Exercise details -
Below are entries. Give back exactly the lines from the one containing "<formula> <loc_0><loc_0><loc_500><loc_500>\psi _" through the one containing "Describe the image", inclusive, without the pictures.

── Data for this exercise

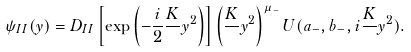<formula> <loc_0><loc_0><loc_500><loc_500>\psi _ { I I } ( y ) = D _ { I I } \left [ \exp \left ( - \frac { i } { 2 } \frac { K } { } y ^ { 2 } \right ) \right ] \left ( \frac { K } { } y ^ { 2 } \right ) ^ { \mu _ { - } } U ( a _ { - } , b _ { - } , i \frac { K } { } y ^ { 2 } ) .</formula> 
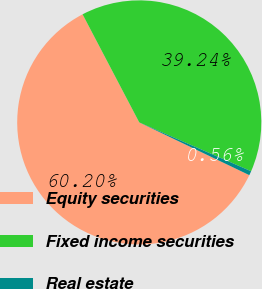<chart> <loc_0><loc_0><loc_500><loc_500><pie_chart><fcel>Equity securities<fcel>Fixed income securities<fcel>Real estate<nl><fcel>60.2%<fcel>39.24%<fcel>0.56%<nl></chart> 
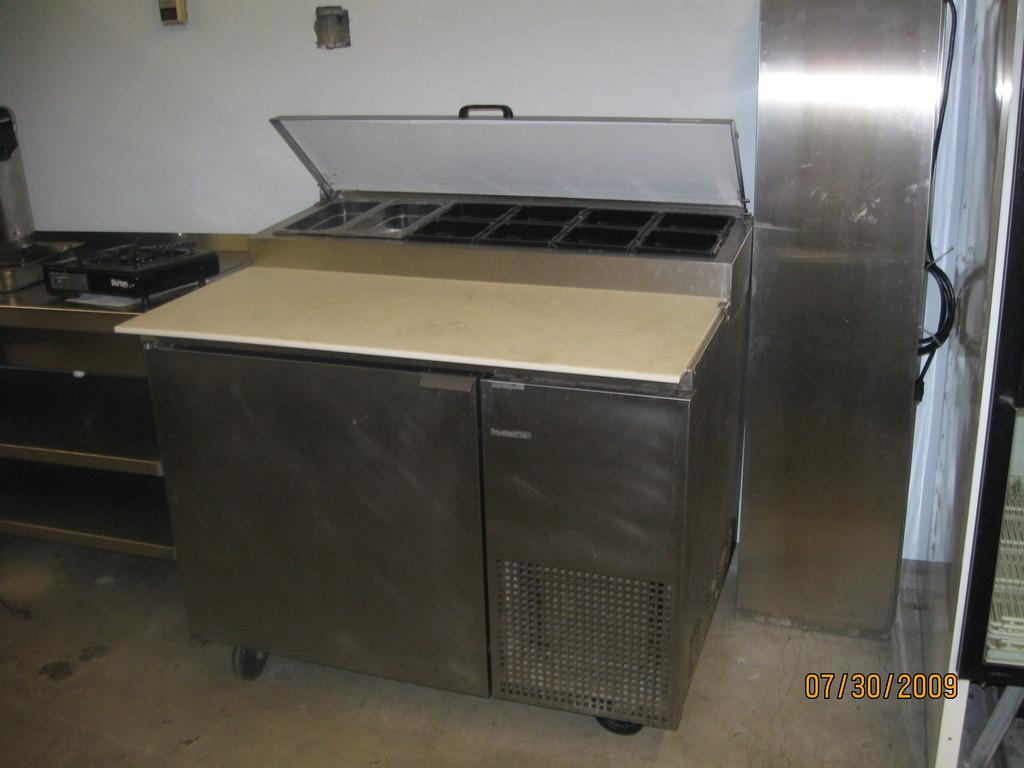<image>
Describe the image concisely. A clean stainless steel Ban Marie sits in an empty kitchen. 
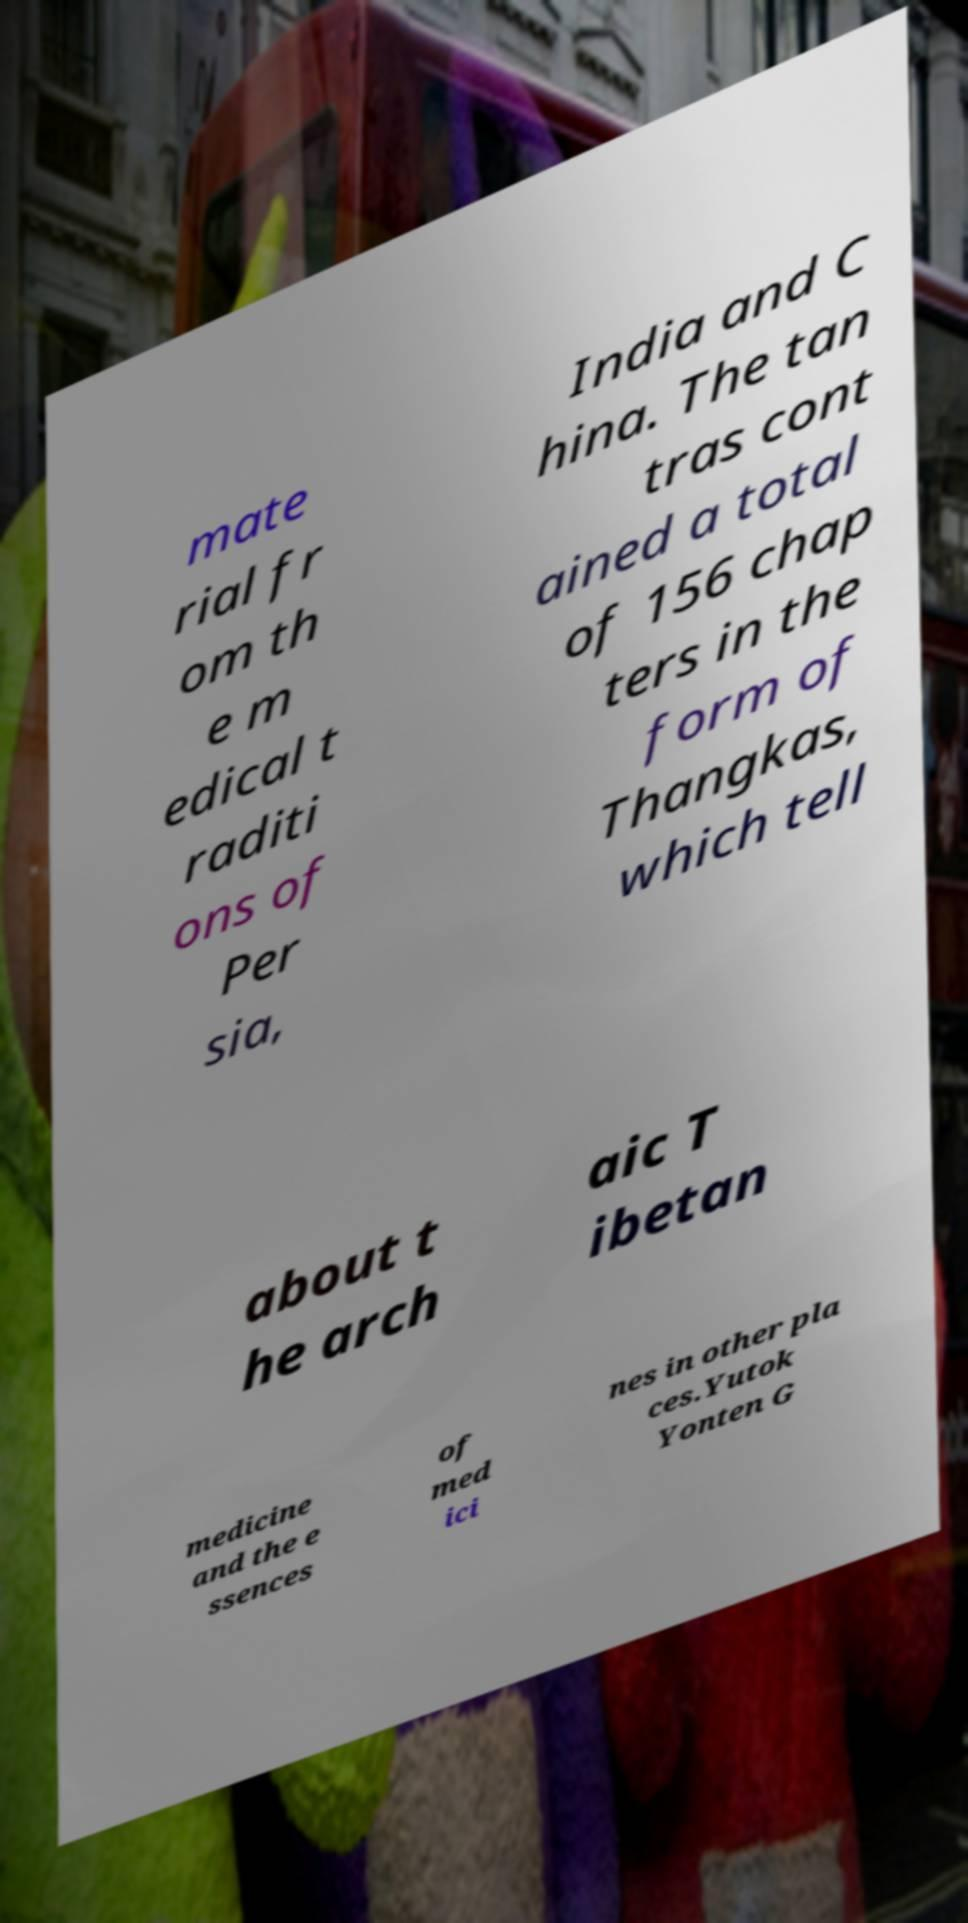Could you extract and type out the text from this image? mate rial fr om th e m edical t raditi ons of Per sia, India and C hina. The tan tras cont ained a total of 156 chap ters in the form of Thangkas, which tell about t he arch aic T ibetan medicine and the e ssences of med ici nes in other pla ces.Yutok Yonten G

────
── Data for this exercise

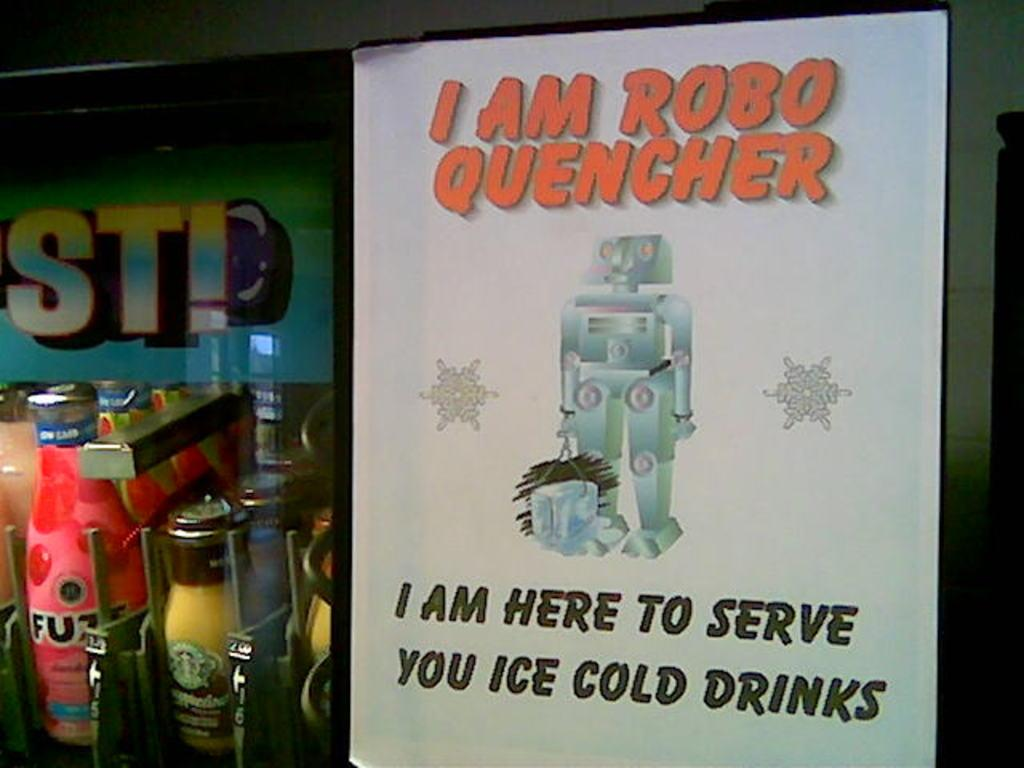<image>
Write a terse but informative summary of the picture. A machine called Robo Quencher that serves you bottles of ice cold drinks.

────

Your solution -
<formula> <loc_0><loc_0><loc_500><loc_500>\psi _ { I I } ( y ) = D _ { I I } \left [ \exp \left ( - \frac { i } { 2 } \frac { K } { } y ^ { 2 } \right ) \right ] \left ( \frac { K } { } y ^ { 2 } \right ) ^ { \mu _ { - } } U ( a _ { - } , b _ { - } , i \frac { K } { } y ^ { 2 } ) .</formula> 
<chart> <loc_0><loc_0><loc_500><loc_500><pie_chart><fcel>Equity securities<fcel>Fixed income securities<fcel>Real estate<nl><fcel>60.2%<fcel>39.24%<fcel>0.56%<nl></chart> 
<image>
Describe the image concisely. A clean stainless steel Ban Marie sits in an empty kitchen. 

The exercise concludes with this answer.